Seed starting is one of our favorite rituals. It's one of those "together" things that we both enjoy. The payoff is a fun afternoon and a summer's bounty of delicious tomatoes and flowers that bring a riot of color to the Bird Back 40. It's also a chance to share and trade with others who have been bitten with this gardening bug. One afternoon of seed planting brings out a season of beauty. Try and find a downfall to this. I've tried. I can't.

Afternoon of Fun
There is nothing quite like the joy and satisfaction that comes when the first seedling pops to the surface, or that first starter plant produces its first tomato, first pepper or first bite of fiery basil. I keep thinking of what the backyard flower gardens will look like when our Desert Bluebells or Penstamon Blue fire up into a riot of flower beauty.

Yes, I suppose this is a bug. Call it a twitch if you want. Disease works just as well. Just count me glad that I have it.

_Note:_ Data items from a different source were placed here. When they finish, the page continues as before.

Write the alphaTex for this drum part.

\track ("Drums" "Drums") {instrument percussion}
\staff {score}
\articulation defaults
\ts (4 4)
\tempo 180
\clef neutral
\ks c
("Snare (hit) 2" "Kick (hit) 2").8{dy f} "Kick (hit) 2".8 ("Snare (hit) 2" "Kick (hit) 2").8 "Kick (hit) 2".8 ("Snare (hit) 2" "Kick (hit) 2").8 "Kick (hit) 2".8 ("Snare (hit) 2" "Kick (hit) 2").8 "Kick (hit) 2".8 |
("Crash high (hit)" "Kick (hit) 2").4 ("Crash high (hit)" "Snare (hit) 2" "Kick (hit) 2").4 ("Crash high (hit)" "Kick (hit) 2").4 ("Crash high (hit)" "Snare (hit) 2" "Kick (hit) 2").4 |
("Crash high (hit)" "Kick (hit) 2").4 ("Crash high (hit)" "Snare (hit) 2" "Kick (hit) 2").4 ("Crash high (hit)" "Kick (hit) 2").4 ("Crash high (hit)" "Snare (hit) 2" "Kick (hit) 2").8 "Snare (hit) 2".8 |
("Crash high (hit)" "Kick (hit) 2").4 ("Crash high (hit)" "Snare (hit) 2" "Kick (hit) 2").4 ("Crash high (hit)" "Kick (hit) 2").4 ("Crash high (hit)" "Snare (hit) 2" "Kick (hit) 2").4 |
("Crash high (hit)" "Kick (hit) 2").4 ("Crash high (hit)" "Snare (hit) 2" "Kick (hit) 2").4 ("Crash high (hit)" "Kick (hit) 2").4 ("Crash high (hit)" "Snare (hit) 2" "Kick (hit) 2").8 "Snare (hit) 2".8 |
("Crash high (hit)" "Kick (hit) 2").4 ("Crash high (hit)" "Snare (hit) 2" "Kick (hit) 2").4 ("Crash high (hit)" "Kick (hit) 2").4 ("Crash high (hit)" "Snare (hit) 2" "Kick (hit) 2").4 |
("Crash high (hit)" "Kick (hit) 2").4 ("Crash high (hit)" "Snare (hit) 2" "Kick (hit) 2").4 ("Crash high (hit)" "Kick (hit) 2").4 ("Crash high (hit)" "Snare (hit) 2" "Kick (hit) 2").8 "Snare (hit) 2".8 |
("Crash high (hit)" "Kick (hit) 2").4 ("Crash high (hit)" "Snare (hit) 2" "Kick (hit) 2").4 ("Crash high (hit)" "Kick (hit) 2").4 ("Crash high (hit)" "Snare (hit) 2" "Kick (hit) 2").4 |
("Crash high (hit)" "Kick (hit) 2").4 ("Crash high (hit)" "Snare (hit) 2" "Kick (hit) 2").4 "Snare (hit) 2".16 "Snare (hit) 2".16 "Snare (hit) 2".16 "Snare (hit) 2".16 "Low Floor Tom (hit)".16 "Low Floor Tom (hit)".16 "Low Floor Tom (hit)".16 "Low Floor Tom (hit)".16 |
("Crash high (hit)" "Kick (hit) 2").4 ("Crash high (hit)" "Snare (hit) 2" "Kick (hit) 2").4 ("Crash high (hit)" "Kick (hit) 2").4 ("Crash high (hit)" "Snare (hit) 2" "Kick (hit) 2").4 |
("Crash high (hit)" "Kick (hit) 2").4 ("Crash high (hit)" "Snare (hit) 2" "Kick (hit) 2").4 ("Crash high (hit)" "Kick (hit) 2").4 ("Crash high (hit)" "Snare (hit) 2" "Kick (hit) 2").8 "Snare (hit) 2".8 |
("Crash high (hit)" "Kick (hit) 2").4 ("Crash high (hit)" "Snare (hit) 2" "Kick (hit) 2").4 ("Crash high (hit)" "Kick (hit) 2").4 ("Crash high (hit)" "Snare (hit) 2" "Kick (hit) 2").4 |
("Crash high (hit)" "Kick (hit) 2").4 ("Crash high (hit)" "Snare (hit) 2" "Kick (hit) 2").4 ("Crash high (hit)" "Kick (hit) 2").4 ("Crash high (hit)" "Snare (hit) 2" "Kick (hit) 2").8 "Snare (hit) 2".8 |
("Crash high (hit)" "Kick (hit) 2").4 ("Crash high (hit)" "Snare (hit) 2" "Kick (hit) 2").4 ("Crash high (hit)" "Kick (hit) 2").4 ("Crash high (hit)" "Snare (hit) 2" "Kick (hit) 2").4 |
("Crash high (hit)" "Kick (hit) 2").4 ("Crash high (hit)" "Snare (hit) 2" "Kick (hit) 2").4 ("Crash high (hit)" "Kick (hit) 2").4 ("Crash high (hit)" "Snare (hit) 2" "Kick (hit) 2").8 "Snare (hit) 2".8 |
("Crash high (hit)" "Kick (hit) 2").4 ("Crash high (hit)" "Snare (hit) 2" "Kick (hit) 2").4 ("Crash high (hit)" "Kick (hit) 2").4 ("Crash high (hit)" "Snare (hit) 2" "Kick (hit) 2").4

Bird 2013 Heirloom Tomato Garden

Agro 410
Arkansas Traveler
Believe It Or Not
Berkeley Tie Dye
Big Zac
Black Cherry
Chadwick Cherry
Cherokee Chocolate
Cherokee Purple
Costaluto Fiorentino
Dixie Golden Giant
Eva Purple Ball
Lemon Boy
Lush Queen
Martha Washington (last year’s top garden performer)
Mr. Underwood’s Pink
Polish Giant
Pruden’s Purple
San Marzano
Schilling Giant
Solar Fire
Sungold Cherry
X-Large Spanish


Jenny said...

That's a great list of tomatoes you got there!

I was actually thinking of growing "Love Lies Bleeding" this year. Do you grow this amaranth for food, show or both? I believe I read that the young leaves are supposed to be a tasty addition to salads.

Bill Bird said...

Never have grown this before, Jenny. Wasn't aware you could eat the leaves! We've done other edible flowers in the past however, and have had some great success with them!